### Problem details
Every entry is to be returned unchanged, and no picture is to be included.

************

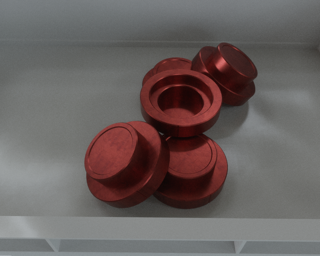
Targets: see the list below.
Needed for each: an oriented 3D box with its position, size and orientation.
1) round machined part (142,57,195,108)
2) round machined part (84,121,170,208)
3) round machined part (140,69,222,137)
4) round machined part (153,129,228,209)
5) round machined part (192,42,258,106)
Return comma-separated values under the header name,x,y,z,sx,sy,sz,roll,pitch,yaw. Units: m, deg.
name,x,y,z,sx,sy,sz,roll,pitch,yaw
round machined part,0.024,-0.065,0.446,0.099,0.042,0.098,0,50,0
round machined part,-0.042,0.033,0.336,0.098,0.042,0.098,-18,50,23
round machined part,0.025,-0.026,0.386,0.099,0.042,0.098,0,50,0
round machined part,0.030,0.040,0.359,0.099,0.042,0.098,0,50,0
round machined part,0.097,-0.081,0.434,0.099,0.042,0.098,22,43,-22

************

### Answer section
Targets: see the list below.
Needed for each: an oriented 3D box with its position, size and orientation.
1) round machined part (142,57,195,108)
2) round machined part (84,121,170,208)
3) round machined part (140,69,222,137)
4) round machined part (153,129,228,209)
5) round machined part (192,42,258,106)
Return comma-separated values under the header name,x,y,z,sx,sy,sz,roll,pitch,yaw. Units: m, deg.
name,x,y,z,sx,sy,sz,roll,pitch,yaw
round machined part,0.024,-0.065,0.446,0.099,0.042,0.098,0,50,0
round machined part,-0.042,0.033,0.336,0.098,0.042,0.098,-18,50,23
round machined part,0.025,-0.026,0.386,0.099,0.042,0.098,0,50,0
round machined part,0.030,0.040,0.359,0.099,0.042,0.098,0,50,0
round machined part,0.097,-0.081,0.434,0.099,0.042,0.098,22,43,-22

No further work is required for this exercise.